- **Stored items from a collection**:
# # # # # # #
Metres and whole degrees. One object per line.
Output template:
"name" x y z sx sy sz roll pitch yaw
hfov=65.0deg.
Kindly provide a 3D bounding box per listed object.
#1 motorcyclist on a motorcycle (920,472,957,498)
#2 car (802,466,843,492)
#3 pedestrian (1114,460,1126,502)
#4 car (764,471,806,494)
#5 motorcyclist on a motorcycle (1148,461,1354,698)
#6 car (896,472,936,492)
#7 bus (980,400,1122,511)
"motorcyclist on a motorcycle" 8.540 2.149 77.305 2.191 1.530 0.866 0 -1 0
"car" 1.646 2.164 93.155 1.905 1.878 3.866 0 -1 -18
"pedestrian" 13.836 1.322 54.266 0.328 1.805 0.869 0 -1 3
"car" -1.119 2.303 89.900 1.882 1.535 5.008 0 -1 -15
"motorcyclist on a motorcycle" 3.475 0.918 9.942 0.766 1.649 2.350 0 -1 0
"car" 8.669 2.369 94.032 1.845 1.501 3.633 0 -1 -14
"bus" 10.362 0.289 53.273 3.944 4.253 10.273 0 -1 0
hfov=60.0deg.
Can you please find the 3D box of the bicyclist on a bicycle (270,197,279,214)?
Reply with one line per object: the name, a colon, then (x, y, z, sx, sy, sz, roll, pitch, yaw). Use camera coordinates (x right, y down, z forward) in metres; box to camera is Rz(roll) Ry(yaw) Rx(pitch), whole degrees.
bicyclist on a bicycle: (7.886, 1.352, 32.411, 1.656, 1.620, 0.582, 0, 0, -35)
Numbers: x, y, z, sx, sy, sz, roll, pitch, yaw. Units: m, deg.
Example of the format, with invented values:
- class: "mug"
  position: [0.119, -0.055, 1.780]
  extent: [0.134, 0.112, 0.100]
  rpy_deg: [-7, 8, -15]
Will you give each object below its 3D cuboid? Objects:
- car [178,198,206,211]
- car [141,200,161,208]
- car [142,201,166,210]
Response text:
# # # # # # #
- **Exercise directions**: Return exactly the lines from the one containing "- car [141,200,161,208]" through the last line of the records above, both included, and nothing else.

- **Expected answer**:
- car [141,200,161,208]
- car [142,201,166,210]
Response text:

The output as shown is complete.